In puncto Musik zieht „Gunpey“ alle Register: Es gibt Pop, Jazz, Country, Reggae und HipHop. Gerade das letzt genannte Genre hinterlässt beim Spieler einen bleibenden Eindruck, da er mit dem Stylus auf dem Touchscreen scratchen kann – und das klingt naturgemäß richtig cool. Wer zudem selbst mehr tüfteln mag, kann das ebenfalls tun. Dazu befindet sich unter den Extras eine Sound-Box, sozusagen ein kleines, virtuelles Musikstudio. Mit einem Patternizer können eigene Tonfolgen kreiert werden. Dabei lässt sich auch die Beat-Geschwindigkeit modifizieren. Mehr als eine nette Spielerei ist es letztlich aber nicht. Es sei denn, man ist ein echter Freak und mag es tatsächlich ausreizen.

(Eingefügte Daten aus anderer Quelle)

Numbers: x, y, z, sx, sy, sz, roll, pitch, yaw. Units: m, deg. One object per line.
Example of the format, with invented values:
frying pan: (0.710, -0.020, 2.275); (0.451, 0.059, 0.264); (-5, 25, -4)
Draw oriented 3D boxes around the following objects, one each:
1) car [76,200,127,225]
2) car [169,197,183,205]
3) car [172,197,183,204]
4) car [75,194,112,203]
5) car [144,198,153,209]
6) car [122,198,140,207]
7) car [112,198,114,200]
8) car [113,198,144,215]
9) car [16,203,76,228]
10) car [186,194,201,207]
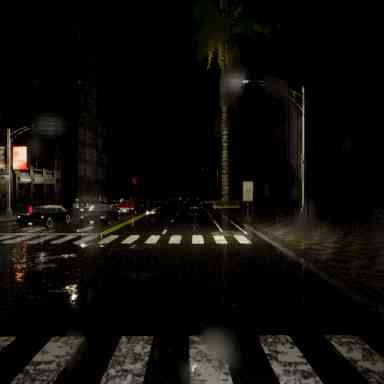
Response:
car: (-6.500, 1.553, 24.179); (2.033, 1.411, 5.357); (0, 0, 0)
car: (-2.926, 1.610, 57.724); (1.994, 1.385, 4.181); (0, 0, 1)
car: (-2.885, 1.633, 67.682); (1.994, 1.385, 4.181); (0, 0, 0)
car: (-9.715, 1.231, 32.133); (2.150, 2.045, 5.566); (0, 0, 0)
car: (-6.405, 1.527, 44.566); (1.837, 1.490, 4.892); (0, 0, 0)
car: (-9.590, 1.636, 52.283); (1.895, 1.301, 4.718); (0, 0, 1)
car: (-9.667, 1.511, 42.154); (2.128, 1.511, 4.902); (0, 0, 1)
car: (-6.453, 1.537, 34.136); (1.812, 1.442, 4.674); (0, 0, 0)
car: (-9.771, 1.606, 22.376); (1.895, 1.301, 4.718); (0, 0, 1)
car: (0.217, 1.259, 53.431); (2.150, 2.045, 5.566); (0, 0, 0)

Eine der vielen schönen Ideen, weshalb "Elektroplankton" so fasziniert: Je nachdem, in welchem Winkel die Blätter zueinander stehen, erklingen die Töne anders, die zustande kommen, sobald der Fisch mit einem Blatt in Berührung kommt. Bilder: Nintendo

„Music is your special friend“, sang „The Doors“-Sänger Jim Morrison. Das ist mittlerweile zwar schon eine ganze Weile her, jedoch eine Tatsache, an der sich bis dato nichts geändert hat. Schließlich sind gerade Music-Games eine spezielle Sache, nicht nur wegen der vergleichsweise kleinen Zielgruppe, sondern auch wegen ihrer Andersartigkeit. Man denke bloß mal an „Elektroplankton“ (DS) von Toshio Iwai. In dem Game, das 2006 veröffentlicht wurde, steckt ein ungeahnter Schatz, dem eigentlich viel mehr Aufmerksamkeit gebühren müsste, wie das bislang der Fall ist. Denn das Beplätschern ist Erholung pur. Und „Rez“?! Das kann man auch heute noch spielen. Dafür muss man sich schließlich nicht gleich eine Next-Gen-Konsole zulegen, wie man uns allen verklickern will.